Long-term outcomes in heart failure with preserved ejection fraction: Predictors of cardiac and non-cardiac mortality

Study population

The bi-national, multicentre, observational, prospective KaRen study was designed to describe and define clinical, biomarker, and imaging characteristics and cause-specific outcomes in patients with HFpEF. Between May 2007 and December 2011, a total of 539 patients with HFpEF were enrolled in 11 centres in France [n = 334 (62%)] and 3 centres in Sweden [n = 205 (38%)], whereas the majority of patients (74%) was recruited in the 3 Swedish centres and in 1 French centre in Rennes. Supporting Information, Table S1 shows an overview of patients enrolled in respective country and centre. The study design has been previously reported.⁸ Patients presenting with symptoms and signs of acute HF according to the Framingham criteria, N-terminal pro-brain natriuretic peptide (NT-proBNP) > 300 ng/L and EF ≥ 45% by echocardiography within the first 72 h of the acute presentation, were enrolled. Exclusion criteria included primary hypertrophic or restrictive cardiomyopathy or pericardial constriction, known cause of right HF not related to left ventricular dysfunction, any CV disorder with an indication for surgical or percutaneous intervention (e.g. valve disease requiring intervention, even if such intervention was not offered due to, for example, frailty or age), existing cardiac resynchronization therapy, renal disease requiring dialysis, or pulmonary disease requiring chronic supplemental oxygen. After discharge from acute admission, patients who were alive and agreed to follow-up returned after 4–8 weeks for a clinical visit and underwent clinical evaluation, blood sampling, electrocardiogram, and detailed echocardiography. In the current long-term follow-up study, patients with data from both baseline acute presentation returning for the 4–8 week stable state visit were considered (n = 397).

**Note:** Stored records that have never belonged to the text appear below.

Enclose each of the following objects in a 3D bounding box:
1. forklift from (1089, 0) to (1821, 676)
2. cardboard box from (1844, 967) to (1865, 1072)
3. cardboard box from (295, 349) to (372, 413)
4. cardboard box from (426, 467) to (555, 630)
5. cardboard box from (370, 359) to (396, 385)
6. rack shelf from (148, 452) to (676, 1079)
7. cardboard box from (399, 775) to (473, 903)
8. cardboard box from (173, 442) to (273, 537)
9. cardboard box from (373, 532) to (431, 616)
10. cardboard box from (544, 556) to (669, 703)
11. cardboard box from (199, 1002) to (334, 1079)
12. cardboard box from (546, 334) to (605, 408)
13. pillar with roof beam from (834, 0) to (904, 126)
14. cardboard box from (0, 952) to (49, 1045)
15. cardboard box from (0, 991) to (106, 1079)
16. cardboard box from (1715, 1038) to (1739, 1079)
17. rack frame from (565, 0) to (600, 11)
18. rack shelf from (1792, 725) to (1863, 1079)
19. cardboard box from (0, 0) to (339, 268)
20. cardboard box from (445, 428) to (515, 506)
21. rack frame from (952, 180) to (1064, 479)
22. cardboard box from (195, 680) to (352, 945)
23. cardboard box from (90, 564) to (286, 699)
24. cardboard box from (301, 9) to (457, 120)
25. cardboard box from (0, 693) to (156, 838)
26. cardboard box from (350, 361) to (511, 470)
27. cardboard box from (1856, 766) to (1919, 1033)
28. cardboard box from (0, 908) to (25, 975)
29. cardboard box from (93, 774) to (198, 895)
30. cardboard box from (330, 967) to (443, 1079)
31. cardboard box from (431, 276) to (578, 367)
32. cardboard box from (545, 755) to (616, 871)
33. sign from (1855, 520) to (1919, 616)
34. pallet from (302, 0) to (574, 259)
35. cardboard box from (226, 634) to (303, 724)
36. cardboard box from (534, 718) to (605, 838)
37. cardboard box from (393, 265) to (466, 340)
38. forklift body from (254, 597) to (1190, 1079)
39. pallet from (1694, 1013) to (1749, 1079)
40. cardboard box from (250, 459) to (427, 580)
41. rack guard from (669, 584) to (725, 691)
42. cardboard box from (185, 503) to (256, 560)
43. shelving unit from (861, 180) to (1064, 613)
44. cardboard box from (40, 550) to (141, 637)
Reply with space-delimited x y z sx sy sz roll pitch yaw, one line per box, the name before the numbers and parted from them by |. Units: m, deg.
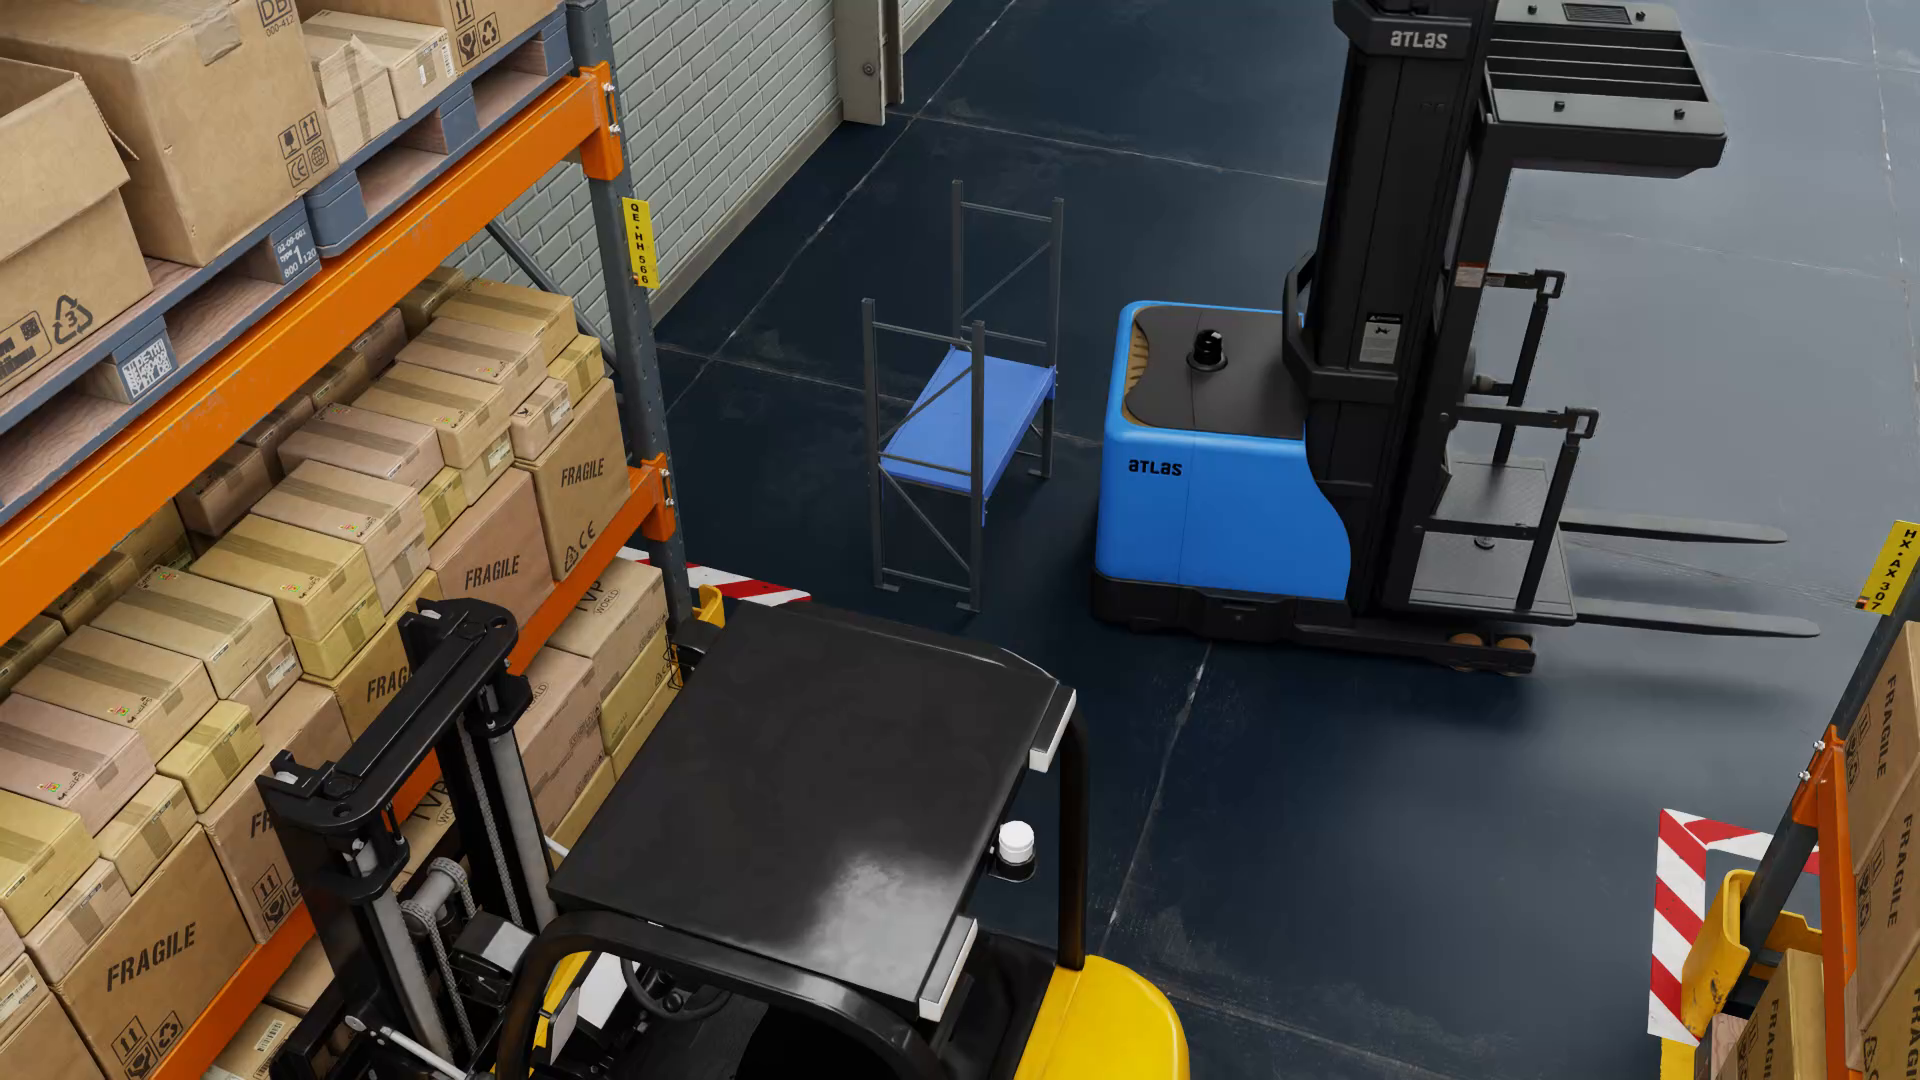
forklift | 2.124 -0.911 6.513 3.031 2.935 1.130 5 41 6
cardboard box | 2.431 1.232 4.142 0.380 0.149 0.250 14 42 16
cardboard box | -2.068 -0.494 5.165 0.380 0.149 0.250 14 42 16
cardboard box | -1.662 0.065 5.239 0.500 0.500 0.500 15 43 16
cardboard box | -1.938 -0.540 5.449 0.380 0.149 0.250 13 42 15
rack shelf | -2.238 0.924 4.864 1.077 0.370 4.000 13 42 15
cardboard box | -1.751 0.909 5.351 0.500 0.250 0.500 14 42 16
cardboard box | -2.233 -0.180 4.797 0.380 0.149 0.250 15 43 16
cardboard box | -1.757 0.049 4.759 0.380 0.149 0.250 12 42 14
cardboard box | -1.418 0.287 6.081 0.500 0.250 0.500 15 43 17
cardboard box | -2.118 1.535 4.618 0.500 0.250 0.500 15 43 17
cardboard box | -1.409 -0.581 5.496 0.380 0.149 0.250 14 42 16
pillar with roof beam | 3.458 -5.331 7.019 9.100 9.000 0.400 13 42 15
cardboard box | -2.261 0.992 3.653 0.380 0.149 0.250 14 42 16
cardboard box | -2.362 1.298 3.794 0.500 0.500 0.500 14 42 16
cardboard box | 2.576 1.847 5.023 0.500 0.250 0.500 13 42 15
rack frame | -1.554 -2.852 4.113 1.000 3.000 0.127 13 42 15
rack shelf | 2.428 2.023 3.575 1.077 0.370 4.000 13 42 15
cardboard box | -1.920 -1.020 3.799 0.700 0.500 0.500 14 42 15
cardboard box | -1.615 -0.273 5.136 0.380 0.149 0.250 14 42 16
rack frame | 0.203 -0.933 7.641 0.500 1.500 0.032 13 42 15
cardboard box | -1.998 0.687 4.510 0.500 0.500 0.500 14 42 15
cardboard box | -1.997 0.235 4.311 0.380 0.149 0.250 14 42 16
cardboard box | -1.552 -1.240 4.328 0.380 0.149 0.250 12 42 14
cardboard box | -2.168 0.540 3.953 0.380 0.149 0.250 13 42 15
cardboard box | -1.597 -0.379 5.031 0.380 0.149 0.250 14 42 16
cardboard box | 2.515 0.923 4.005 0.500 0.500 0.500 15 43 16
cardboard box | -2.266 0.872 3.564 0.380 0.149 0.250 14 42 16
cardboard box | -2.101 0.675 4.024 0.380 0.149 0.250 12 42 14
cardboard box | -1.939 1.420 5.138 0.500 0.250 0.500 13 42 15
cardboard box | -1.478 -0.702 5.410 0.380 0.149 0.250 13 42 15
cardboard box | -1.597 0.975 6.045 0.500 0.250 0.500 13 42 15
sign | 2.602 0.080 4.631 0.100 0.325 0.005 13 42 15
pallet | -1.820 -1.251 4.616 1.003 0.211 1.213 13 42 15
cardboard box | -1.995 0.339 4.418 0.380 0.149 0.250 13 42 15
cardboard box | -1.608 0.796 5.869 0.500 0.250 0.500 13 42 15
cardboard box | -1.869 -0.810 5.536 0.380 0.149 0.250 13 42 14
forklift body | -0.488 1.315 4.505 2.313 2.155 1.214 13 42 15
pallet | 2.775 2.125 5.051 1.003 0.211 1.213 13 42 15
cardboard box | -1.737 -0.060 4.657 0.380 0.149 0.250 14 43 16
rack guard | -1.546 0.367 6.888 1.175 0.500 0.348 13 42 15
cardboard box | -2.331 -0.101 4.934 0.380 0.149 0.250 14 42 15
shelving unit | 0.029 -0.623 7.278 0.538 1.500 1.048 13 42 15
cardboard box | -2.425 0.127 4.438 0.380 0.149 0.250 13 42 15

Clinical data and echocardiography

Coronary artery disease (CAD) was defined as a history of coronary artery bypass or angioplasty, >50% coronary artery stenosis, or acute myocardial infarction. Estimated glomerular filtration rate (eGFR) was calculated with the Chronic Kidney Disease Epidemiology Collaboration formula (CKD-EPI). Anaemia was defined according to WHO as haemoglobin < 13 g/dL in males and <12 g/dL in females. Echocardiographic data were acquired using ViVid 7 and a standard 2.5 MHz adult transthoracic probe (GE Healthcare, Horten, Norway), according to the American Society of Echocardiography (ASE) and the European Association for Cardiovascular Imaging (EACVI) recommendations,⁹ with cut-off values published in a consensus paper for diagnosis of HFpEF,¹⁰ and in accordance with previous KaRen studies.¹¹ The measurements were performed three times and averaged by an echocardiographer blinded to the specific clinical history of the patient, and all examinations were analysed in the Core Lab (Rennes University Hospital, CIC 1414, France).⁸

Outcomes and follow-up

All deaths and hospitalizations were predefined according to prespecified criteria and subclassified as due to a CV cause, a non-CV cause, or an unknown cause. CV death was defined as death from HF, myocardial infarction, stroke, or sudden cardiac death, and non-CV death representing all other known causes of death, including cancer, pulmonary diseases, kidney disease, liver disease, infection, diabetes, trauma, and peripheral (non-cerebral) vascular diseases, and the remaining as unknown causes of death. All patients were followed prospectively by telephone call every 6 up to 18 months until November 2012. Subsequently, long-term follow-up was conducted by telephone contact with patients, personal doctors, and/or medical institutions including patient charts at the end of September 2018. Additionally, the Swedish Cause of Death Registry was used in Sweden. If the cause of death was not found, it was considered unknown. There was no formal adjudicating committee; however, in all cases where there was an uncertainty of the subclassification, it was discussed with the KaRen investigators and a final classification was decided by consensus.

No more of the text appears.